It depends on the working definition of kook. Arguably, this single member LLC website selling 52-card playing decks that focus on the 52 senators who chose to acquit Donald Trump of his first impeachment charges, is a bit kooky. Not Building 7 kooky, but in the same neighborhood.
According to this website, holding Ronald Reagan responsible for convincing the mullahs of Iran to hold onto our hostages until after his inauguration isn’t very kooky, because there’s proof. Still being upset at the injustice of the Supreme Court voting 5-4 to stop the vote count from continuing in Florida so as to end the drama of the 2000 election, and thereby appoint the presidency to a popular vote loser, isn’t very kooky, because that, too, had happened. So did the fact that a Diebold executive died in a plane crash while conducting landing and take-off maneuvers for certification months before the 2004 election despite being an experienced pilot. Now, whether that exec was going to blow the whistle on his company’s business practices is up for speculation as there’s no news coverage of that angle. However, research did find an article about a second Diebold whistleblower who gave all his evidence to Hustler magazine and then getting sued into submission, which, admittedly, is a bit kooky.

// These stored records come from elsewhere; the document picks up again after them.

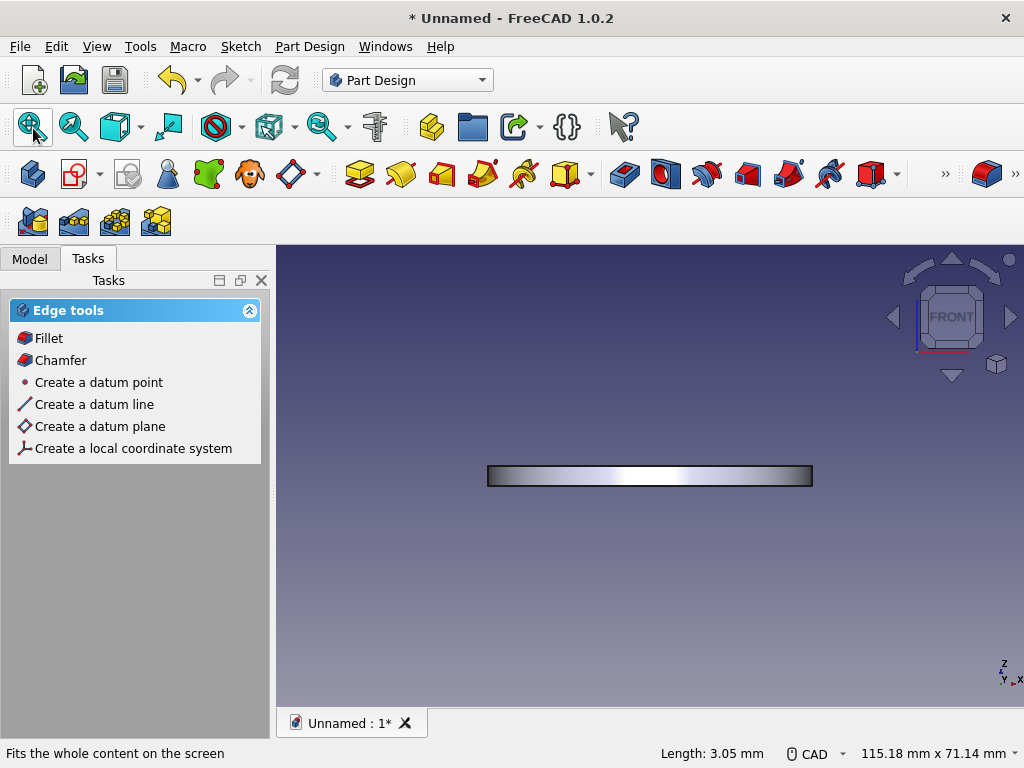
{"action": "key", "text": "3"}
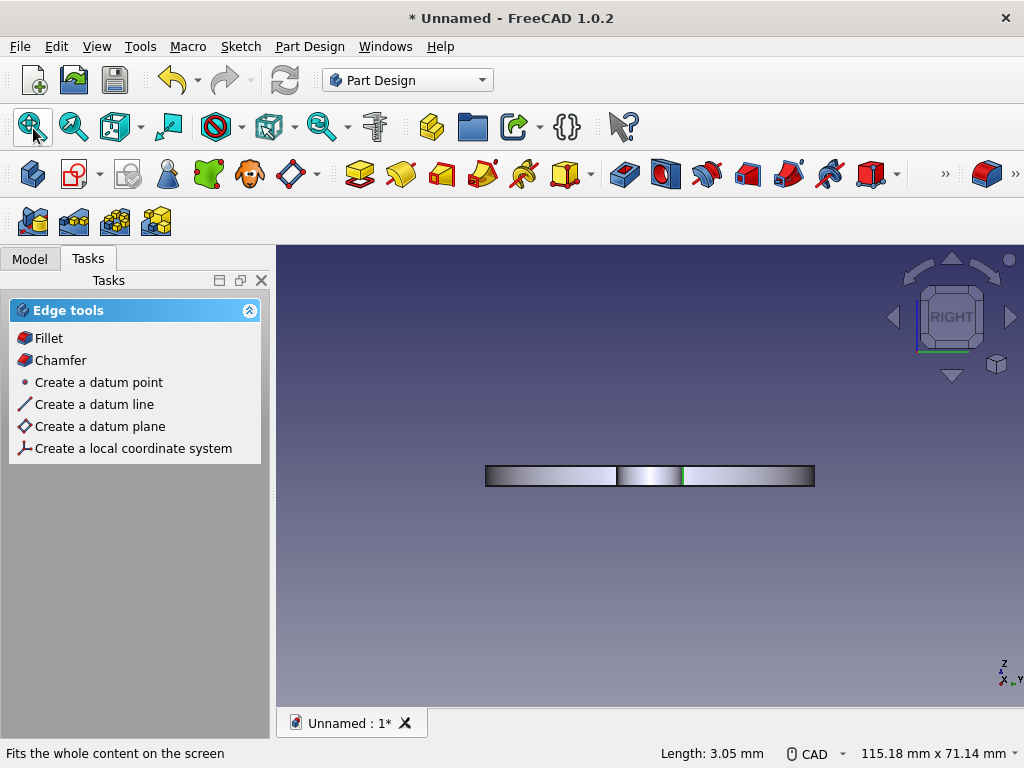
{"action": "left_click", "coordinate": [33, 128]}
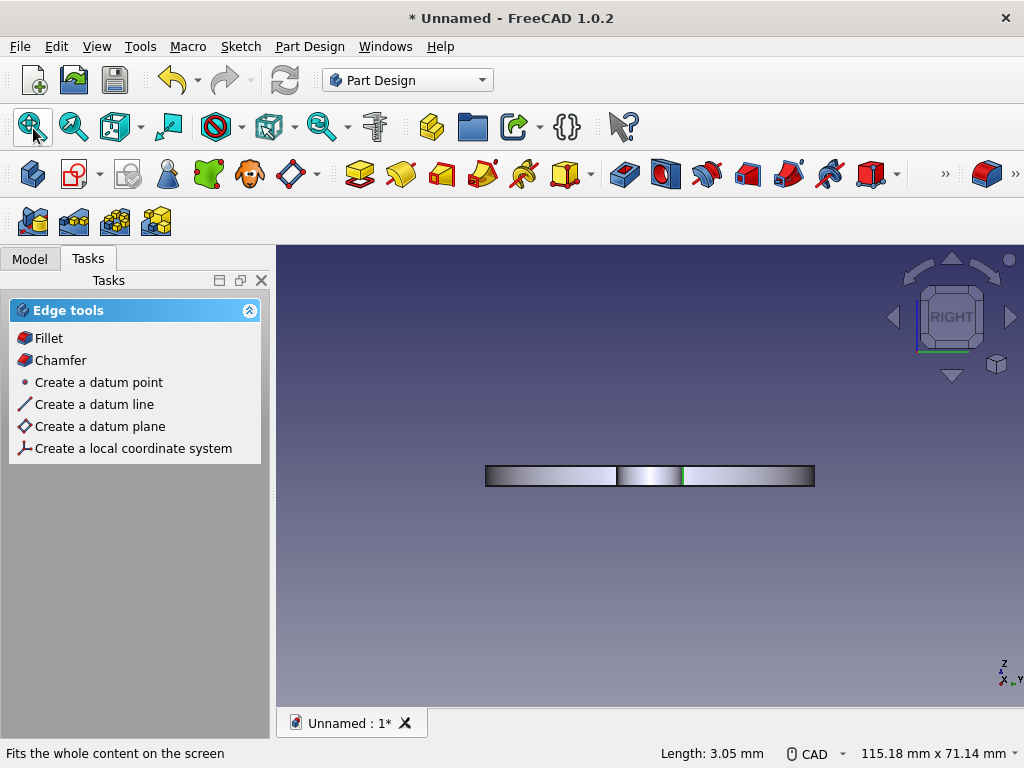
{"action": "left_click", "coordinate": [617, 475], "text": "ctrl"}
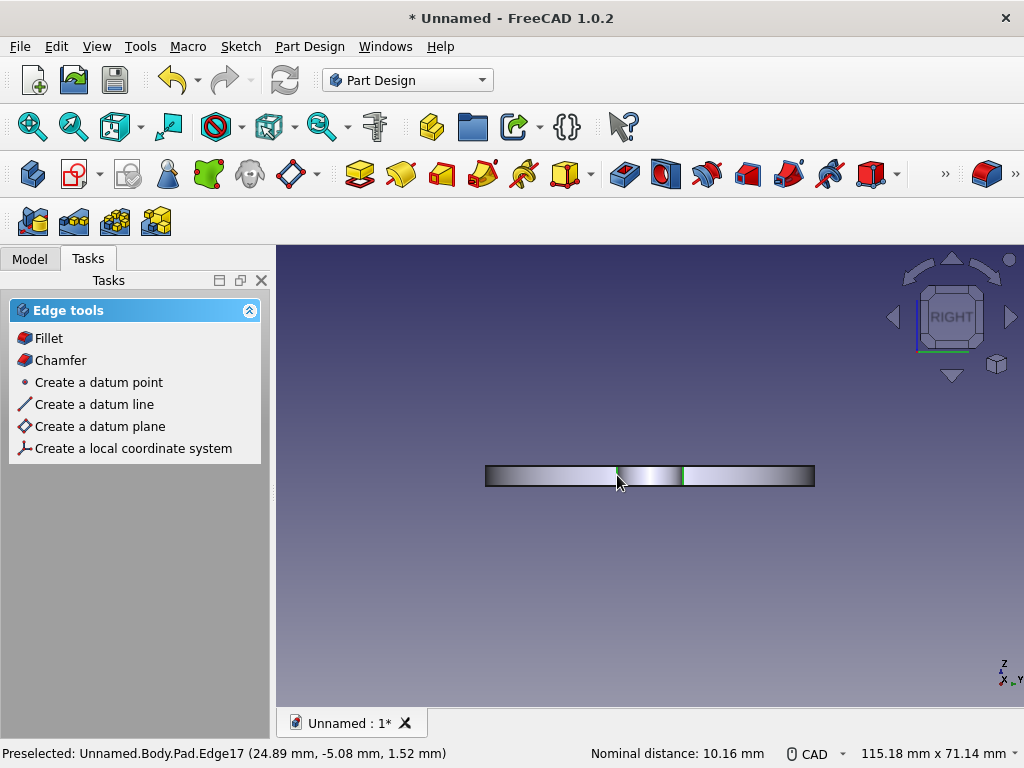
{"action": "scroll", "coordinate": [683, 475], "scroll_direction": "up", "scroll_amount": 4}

Maybe I wouldn’t feel this way if the first election I remember wasn’t called a landslide on national TV before the polls closed on the West Coast.
For the record, and despite the lack of current coverage, there was election interference in 2016, and voting machines are easy to hack. But somehow we are all told to accept the notion that 52% of America’s white women voted for the convicted sex offender (with pals like P. Diddy and Jeffrey Epstein) over the pretty, lady prosecutor whose experience includes being a local D.A., a state A.G., and a U.S. senator and its vice president due to the rising cost of eggs? In this same vein, the notion that Latino men in Texas flipped from Biden to Trump just doesn’t cover it. They aren’t the reason Donald Trump’s has turned the federal government into a den of Gotham City villains.
It’s the billionaires. They don’t want to pay more in taxes. So they have decided that America should be an oligarchy. Which is bewildering for anybody who had ever taken an sixth grade social studies course until we realize that our country of hundreds of millions is fed 90% of its media by a total of six conglomerates. If they all decide that the rapist gets to return to office, and thereby escape justice in the most absurd of fashions, then that is the bubble in which we will suffocate. Add in how corporations are people, too, and my friends, what we have a failure to communicate. The banjo we’re dueling wants us to squeal like a pig.
And to think, 25 years ago the Republican Party lost its collective gourd trying to make a federal case out of the President receiving illicit oral sex while in the Oval Office.
We live in interesting times. Sometimes you’ve got to laugh to keep from crying. Might as well play some cards.